→ What you will do
In the records below, find the line with "1069, 826, 1205]" and the line with "table_cell + [827, 686, 938, 822]"; return exactly those lines and every line between them.

Stored data entries:
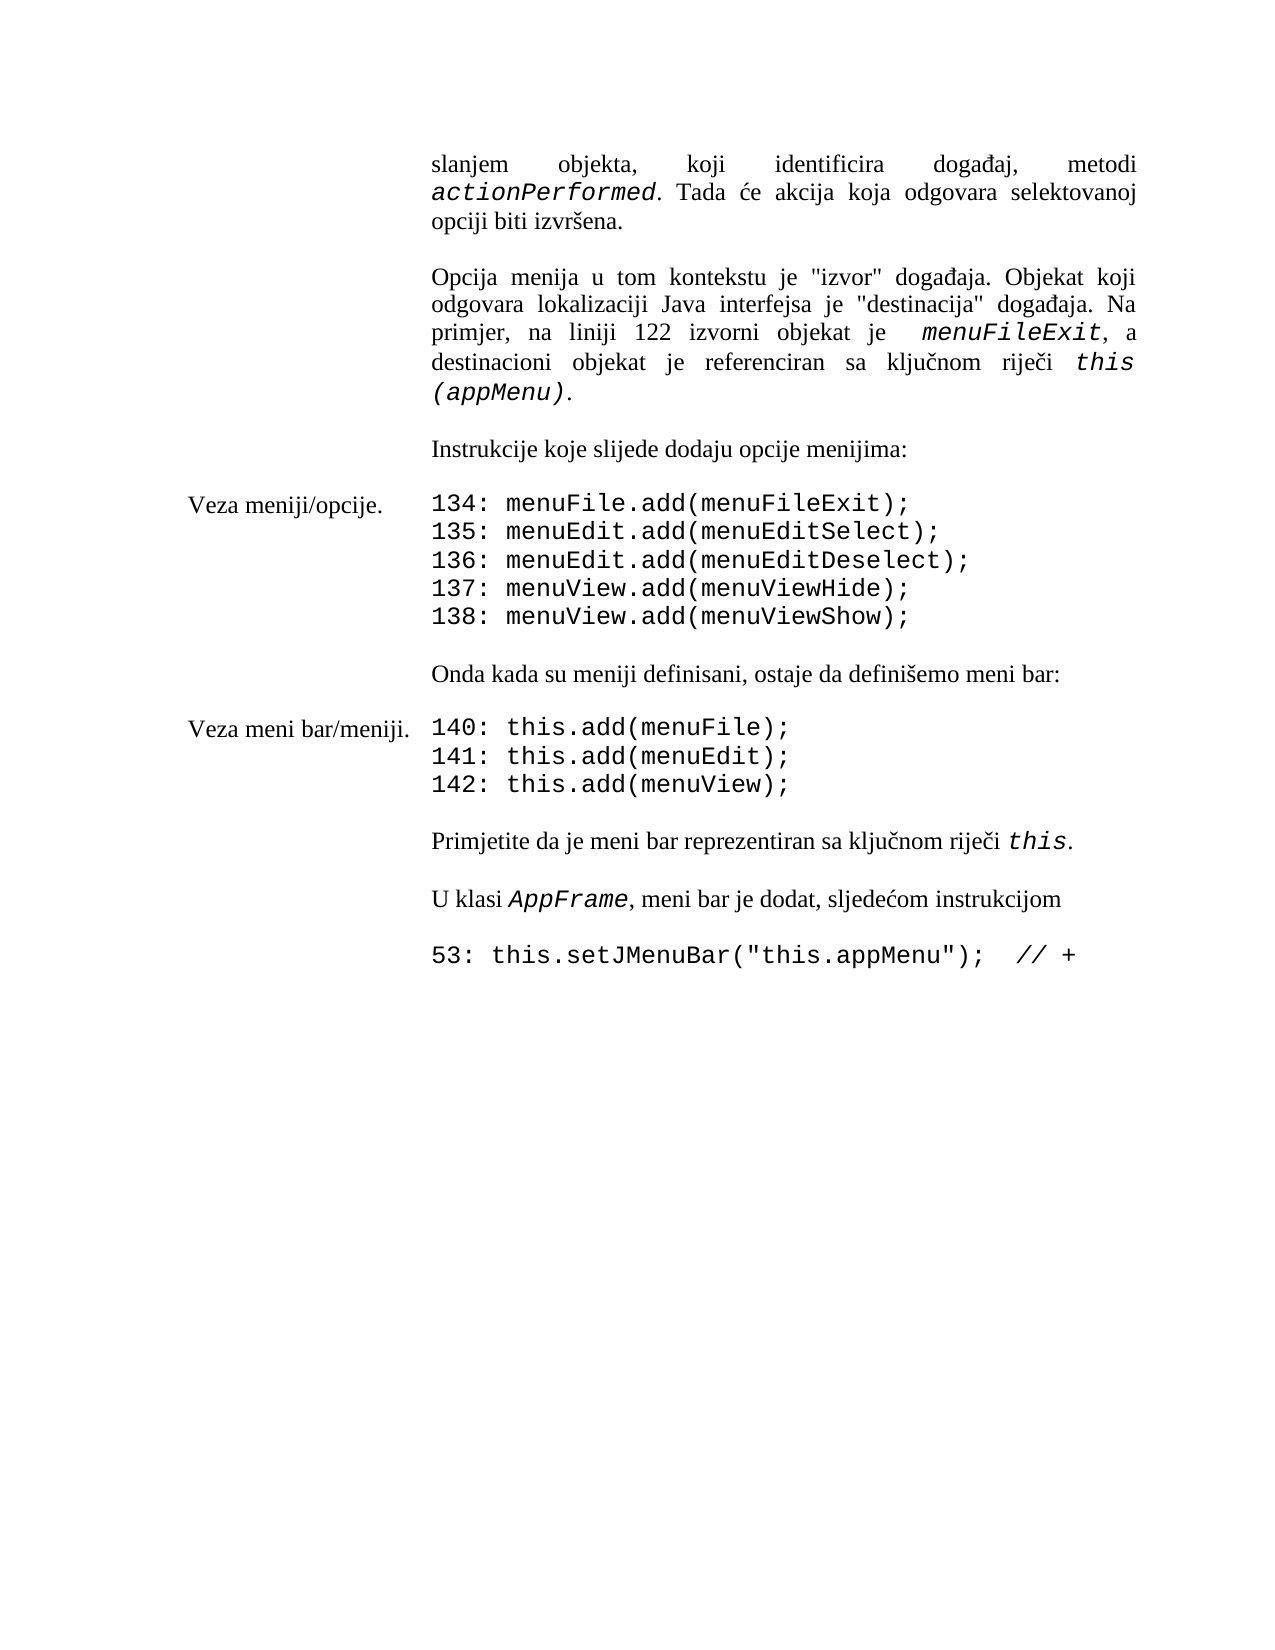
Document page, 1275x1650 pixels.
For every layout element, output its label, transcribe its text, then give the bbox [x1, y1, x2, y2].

table_header U klasi AppFrame, meni bar je dodat, sljedećom instrukcijom [424, 885, 1145, 915]
table_header 134: menuFile.add(menuFileExit); 135: menuEdit.add(menuEditSelect); 136: menuEdit.add(menuEditDeselect); 137: menuView.add(menuViewHide); 138: menuView.add(menuViewShow); [424, 491, 1145, 632]
table_header [180, 263, 424, 408]
table_header Instrukcije koje slijede dodaju opcije menijima: [424, 435, 1144, 463]
table_header [180, 828, 424, 857]
table_header [180, 150, 424, 235]
table_header Veza meniji/opcije. [180, 491, 424, 632]
table_header [180, 943, 424, 971]
table_header Onda kada su meniji definisani, ostaje da definišemo meni bar: [424, 660, 1144, 687]
table_header [180, 885, 424, 915]
table_header 53: this.setJMenuBar("this.appMenu"); // + [424, 943, 1145, 971]
table_header Primjetite da je meni bar reprezentiran sa ključnom riječi this. [424, 828, 1145, 857]
table_header Opcija menija u tom kontekstu je "izvor" događaja. Objekat koji odgovara lokalizaciji Java interfejsa je "destinacija" događaja. Na primjer, na liniji 122 izvorni objekat je menuFileExit, a destinacioni objekat je referenciran sa ključnom riječi this (appMenu). [424, 263, 1144, 408]
table_header [180, 660, 424, 687]
table_header slanjem objekta, koji identificira događaj, metodi actionPerformed. Tada će akcija koja odgovara selektovanoj opciji biti izvršena. [424, 150, 1145, 235]
table_header 140: this.add(menuFile); 141: this.add(menuEdit); 142: this.add(menuView); [424, 715, 1145, 800]
table_header Veza meni bar/meniji. [180, 715, 424, 800]
table_header [180, 435, 424, 463]
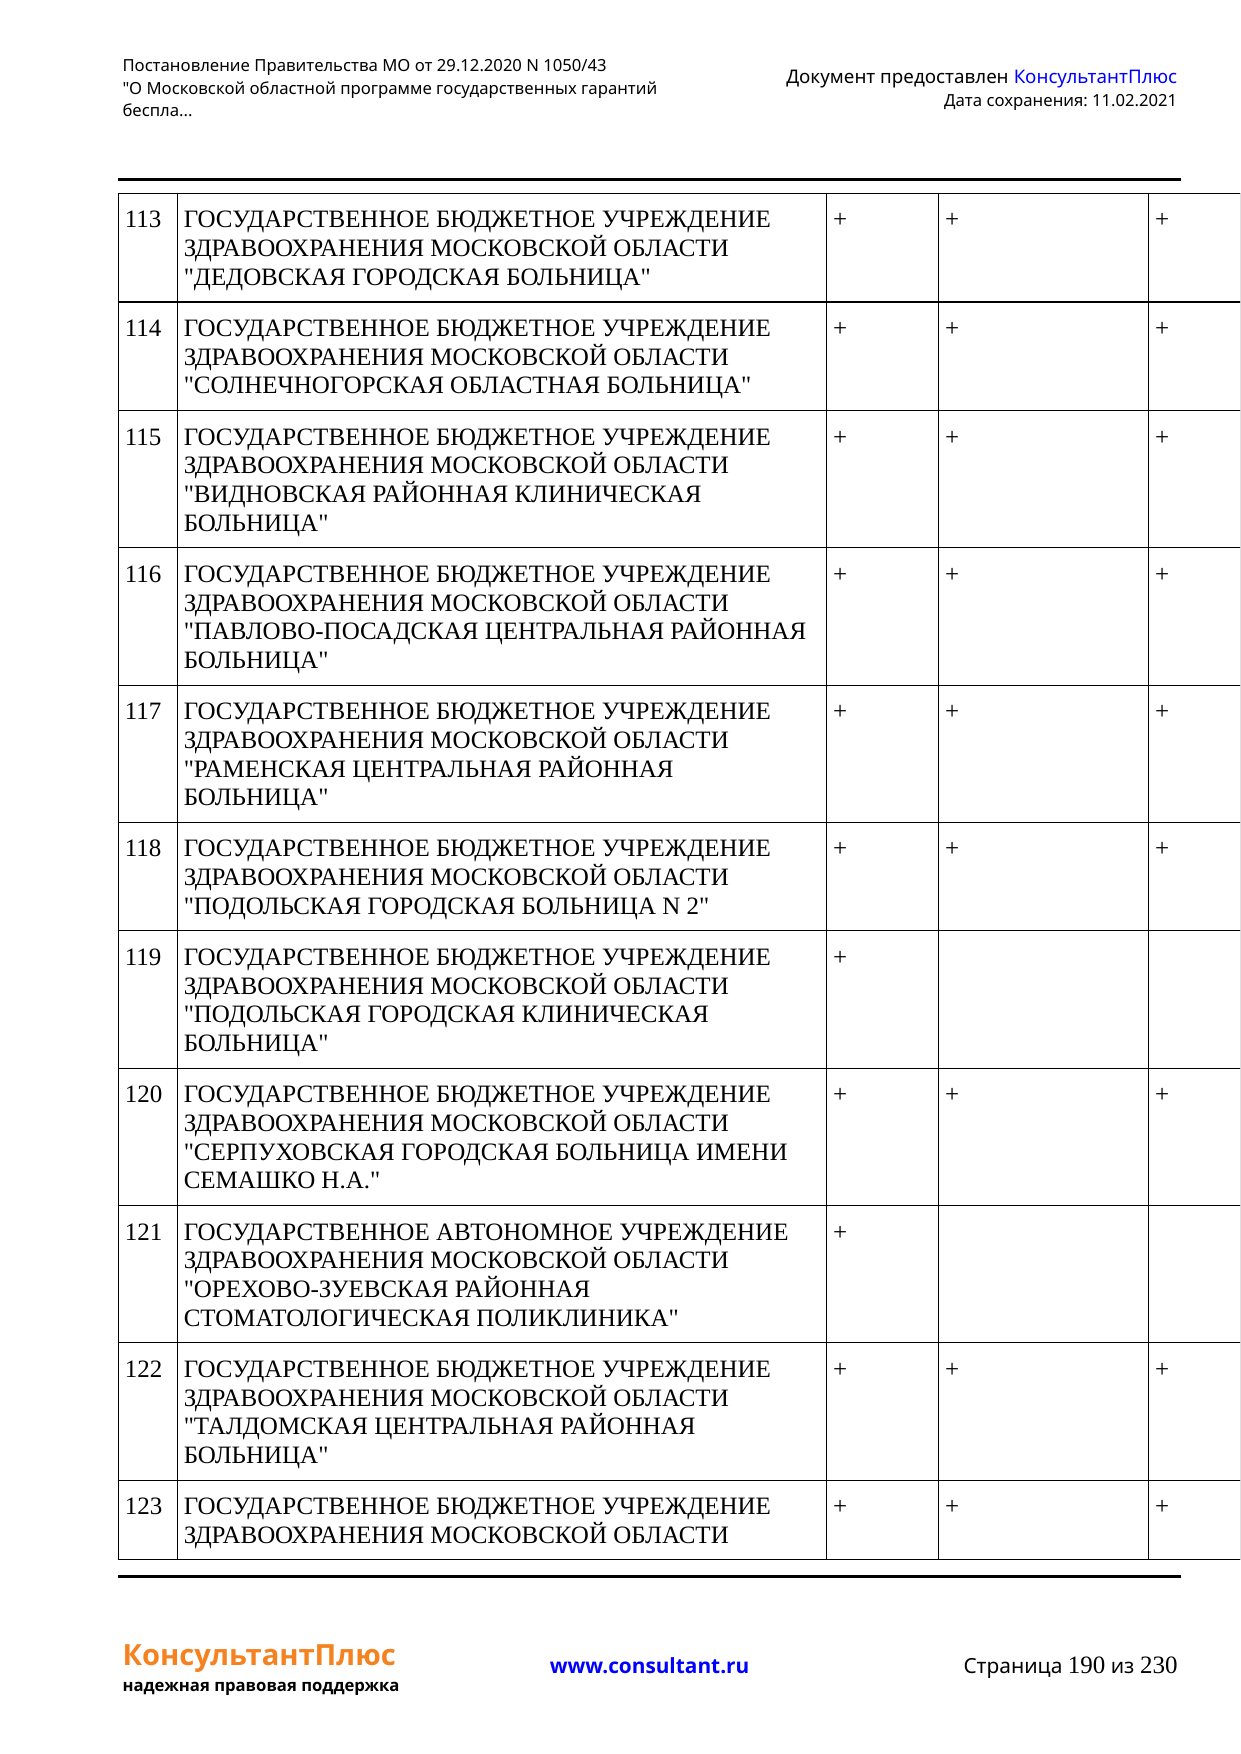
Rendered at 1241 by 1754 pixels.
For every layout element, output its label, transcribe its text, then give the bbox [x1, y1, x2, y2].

table_cell + [827, 823, 938, 930]
table_cell ГОСУДАРСТВЕННОЕ БЮДЖЕТНОЕ УЧРЕЖДЕНИЕ ЗДРАВООХРАНЕНИЯ МОСКОВСКОЙ ОБЛАСТИ "РАМЕНСКАЯ ЦЕНТРАЛЬНАЯ РАЙОННАЯ БОЛЬНИЦА" [178, 686, 826, 822]
table_cell ГОСУДАРСТВЕННОЕ БЮДЖЕТНОЕ УЧРЕЖДЕНИЕ ЗДРАВООХРАНЕНИЯ МОСКОВСКОЙ ОБЛАСТИ "ВИДНОВСКАЯ РАЙОННАЯ КЛИНИЧЕСКАЯ БОЛЬНИЦА" [178, 411, 826, 547]
table_cell + [939, 548, 1148, 684]
table_cell + [1149, 548, 1240, 684]
table_cell ГОСУДАРСТВЕННОЕ БЮДЖЕТНОЕ УЧРЕЖДЕНИЕ ЗДРАВООХРАНЕНИЯ МОСКОВСКОЙ ОБЛАСТИ "ПОДОЛЬСКАЯ ГОРОДСКАЯ БОЛЬНИЦА N 2" [178, 823, 826, 930]
table_cell + [827, 411, 938, 547]
table_cell + [827, 931, 938, 1068]
table_cell + [939, 194, 1148, 301]
table_cell ГОСУДАРСТВЕННОЕ БЮДЖЕТНОЕ УЧРЕЖДЕНИЕ ЗДРАВООХРАНЕНИЯ МОСКОВСКОЙ ОБЛАСТИ "СЕРПУХОВСКАЯ ГОРОДСКАЯ БОЛЬНИЦА ИМЕНИ СЕМАШКО Н.А." [178, 1069, 826, 1205]
table_cell + [939, 303, 1148, 410]
table_cell ГОСУДАРСТВЕННОЕ БЮДЖЕТНОЕ УЧРЕЖДЕНИЕ ЗДРАВООХРАНЕНИЯ МОСКОВСКОЙ ОБЛАСТИ "ПОДОЛЬСКАЯ ГОРОДСКАЯ КЛИНИЧЕСКАЯ БОЛЬНИЦА" [178, 931, 826, 1068]
table_cell [939, 931, 1148, 1068]
table_cell + [939, 411, 1148, 547]
table_cell 123 [119, 1481, 177, 1559]
table_cell [939, 1206, 1148, 1342]
table_cell + [827, 686, 938, 822]
table_cell + [1149, 303, 1240, 410]
table_cell 120 [119, 1069, 177, 1205]
table_cell 118 [119, 823, 177, 930]
table_cell + [827, 1481, 938, 1559]
table_cell 119 [119, 931, 177, 1068]
table_cell + [939, 1481, 1148, 1559]
table_cell + [939, 823, 1148, 930]
table_cell + [1149, 1343, 1240, 1479]
table_cell 114 [119, 303, 177, 410]
table_cell + [827, 303, 938, 410]
table_cell + [1149, 823, 1240, 930]
table_cell 113 [119, 194, 177, 301]
table_cell 115 [119, 411, 177, 547]
table_cell ГОСУДАРСТВЕННОЕ БЮДЖЕТНОЕ УЧРЕЖДЕНИЕ ЗДРАВООХРАНЕНИЯ МОСКОВСКОЙ ОБЛАСТИ [178, 1481, 826, 1559]
table_cell + [827, 1343, 938, 1479]
table_cell ГОСУДАРСТВЕННОЕ АВТОНОМНОЕ УЧРЕЖДЕНИЕ ЗДРАВООХРАНЕНИЯ МОСКОВСКОЙ ОБЛАСТИ "ОРЕХОВО-ЗУЕВСКАЯ РАЙОННАЯ СТОМАТОЛОГИЧЕСКАЯ ПОЛИКЛИНИКА" [178, 1206, 826, 1342]
table_cell + [939, 686, 1148, 822]
table_cell [1149, 931, 1240, 1068]
table_cell + [939, 1343, 1148, 1479]
table_cell + [827, 1069, 938, 1205]
table_cell 121 [119, 1206, 177, 1342]
table_cell + [1149, 1069, 1240, 1205]
table_cell [1149, 1206, 1240, 1342]
table_cell + [1149, 411, 1240, 547]
table_cell + [939, 1069, 1148, 1205]
table_cell 122 [119, 1343, 177, 1479]
table_cell + [1149, 194, 1240, 301]
table_cell 117 [119, 686, 177, 822]
table_cell + [827, 548, 938, 684]
table_cell + [1149, 1481, 1240, 1559]
table_cell ГОСУДАРСТВЕННОЕ БЮДЖЕТНОЕ УЧРЕЖДЕНИЕ ЗДРАВООХРАНЕНИЯ МОСКОВСКОЙ ОБЛАСТИ "ТАЛДОМСКАЯ ЦЕНТРАЛЬНАЯ РАЙОННАЯ БОЛЬНИЦА" [178, 1343, 826, 1479]
table_cell ГОСУДАРСТВЕННОЕ БЮДЖЕТНОЕ УЧРЕЖДЕНИЕ ЗДРАВООХРАНЕНИЯ МОСКОВСКОЙ ОБЛАСТИ "ДЕДОВСКАЯ ГОРОДСКАЯ БОЛЬНИЦА" [178, 194, 826, 301]
table_cell 116 [119, 548, 177, 684]
table_cell ГОСУДАРСТВЕННОЕ БЮДЖЕТНОЕ УЧРЕЖДЕНИЕ ЗДРАВООХРАНЕНИЯ МОСКОВСКОЙ ОБЛАСТИ "ПАВЛОВО-ПОСАДСКАЯ ЦЕНТРАЛЬНАЯ РАЙОННАЯ БОЛЬНИЦА" [178, 548, 826, 684]
table_cell + [827, 1206, 938, 1342]
table_cell ГОСУДАРСТВЕННОЕ БЮДЖЕТНОЕ УЧРЕЖДЕНИЕ ЗДРАВООХРАНЕНИЯ МОСКОВСКОЙ ОБЛАСТИ "СОЛНЕЧНОГОРСКАЯ ОБЛАСТНАЯ БОЛЬНИЦА" [178, 303, 826, 410]
table_cell + [1149, 686, 1240, 822]
table_cell + [827, 194, 938, 301]

→ Solution to the problem
table_cell ГОСУДАРСТВЕННОЕ БЮДЖЕТНОЕ УЧРЕЖДЕНИЕ ЗДРАВООХРАНЕНИЯ МОСКОВСКОЙ ОБЛАСТИ "СЕРПУХОВСКАЯ ГОРОДСКАЯ БОЛЬНИЦА ИМЕНИ СЕМАШКО Н.А." [178, 1069, 826, 1205]
table_cell + [939, 303, 1148, 410]
table_cell ГОСУДАРСТВЕННОЕ БЮДЖЕТНОЕ УЧРЕЖДЕНИЕ ЗДРАВООХРАНЕНИЯ МОСКОВСКОЙ ОБЛАСТИ "ПОДОЛЬСКАЯ ГОРОДСКАЯ КЛИНИЧЕСКАЯ БОЛЬНИЦА" [178, 931, 826, 1068]
table_cell [939, 931, 1148, 1068]
table_cell + [939, 411, 1148, 547]
table_cell 123 [119, 1481, 177, 1559]
table_cell [939, 1206, 1148, 1342]
table_cell + [827, 686, 938, 822]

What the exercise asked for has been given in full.